To justify his ruling, Judge Matthew Kacsmarcyk found that the pill’s FDA approval was rushed, that its usage is unsafe and that a ban will ensure “women and girls are protected from unnecessary harm.”

To call these findings preposterous vastly understates their absurdity.

The FDA took 54 months before approving mifepristone in 2000.  For other drugs green-lit by the agency that year, the average length of the approval process was 15.6 months.

In the two decades since, mifepristone has been used by millions of women, been approved in more than 80 countries, is listed by the World Health Organization as an “essential medicine” and its efficacy has been extensively studied.

No drug is 100% safe.

But Mifepristone comes close, with a fatality rate of 0.0005%.

That not only makes it safer than Tylenol, but four times safer than penicillin, 10 times safer than Viagra, and 14 times safer than childbirth.

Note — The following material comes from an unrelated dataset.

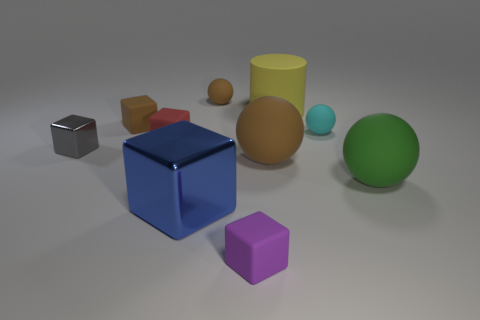Can you tell me the colors of the cubes visible in the picture? Certainly, there are three cubes visible in the picture: one is blue, another is purple, and the third is a brownish-orange or tan color.

If “safety” is Kacsmaryck’s concern, will he be coming after penicillin next?

You can bet he won’t try to outlaw Viagra; even Supreme Court Justices Clarence Thomas and Samuel Alito would put the brakes on that one.

So let’s cut the crap.  Opposition to mifepristone isn’t about safety.

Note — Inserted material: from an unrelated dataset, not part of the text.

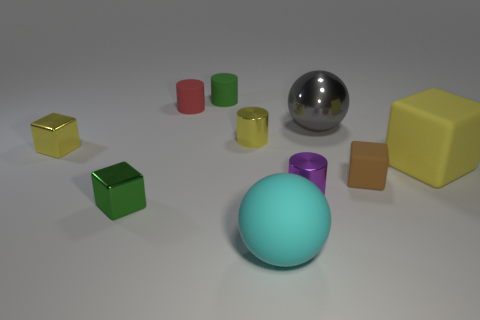Subtract all balls. How many objects are left? 8 Subtract 0 brown cylinders. How many objects are left? 10 Subtract all yellow shiny balls. Subtract all small metallic objects. How many objects are left? 6 Add 7 spheres. How many spheres are left? 9 Add 6 blue matte spheres. How many blue matte spheres exist? 6 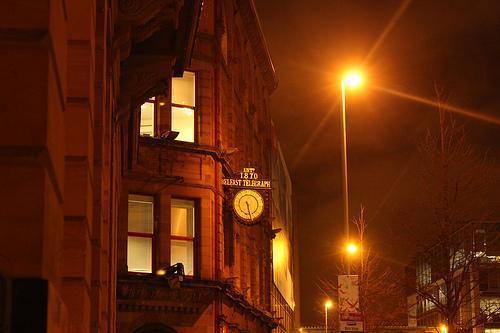How many lights are above the sign?
Give a very brief answer. 1.

It’s about ending a woman’s right to choose.

It was hardly an accident that the organization bringing the case — the Alliance for Hippocratic Medicine, which has a Tennessee mailing address — chose to incorporate in Amarillo just two months after the Supreme Court struck down Roe.

Because Amarillo only has one federal judge, the Alliance knew filing there would guarantee its case would be heard by Kacsmaryck, a Trump-appointed, right-wing zealot who opposes same sex marriage and LGBTQ rights, has criticized Roein writing and, I’m embarrassed to say, graduated from my own alma mater, the hyper-conservative Abilene Christian University.

Forum shopping obviously paid off for the extremists.

But for the rest of us who believe that decisions on when to begin a family or whether to terminate a pregnancy should be made by women and actual medical professionals, not politicians masquerading as doctors and judges practicing medicine without a license, Kacsmaryck’s ideologically-driven ruling is a frontal assault on one of our most basic personal freedoms.

To which I believe the only effective response is a four-letter word: VOTE.

Just three days before the Amarillo ruling, a pro-choice candidate for the Wisconsin Supreme Court won a landslide election, primarily on the issue of choice.

We must now replicate that result in upcoming elections everywhere, in blue states and in red states from sea to shining sea.

Because if there is one thing I’ve learned after 40 years in politics, it’s that nothing concentrates a politician’s mind like being thrown out of office. 

And the surest way to lose our freedoms and our democracy is failing to stand up for them at the ballot box.

Dale Butland was press secretary and Ohio chief of staff to the late U.S. Sen. John Glenn. He is a 1970 graduate of Abilene Christian University.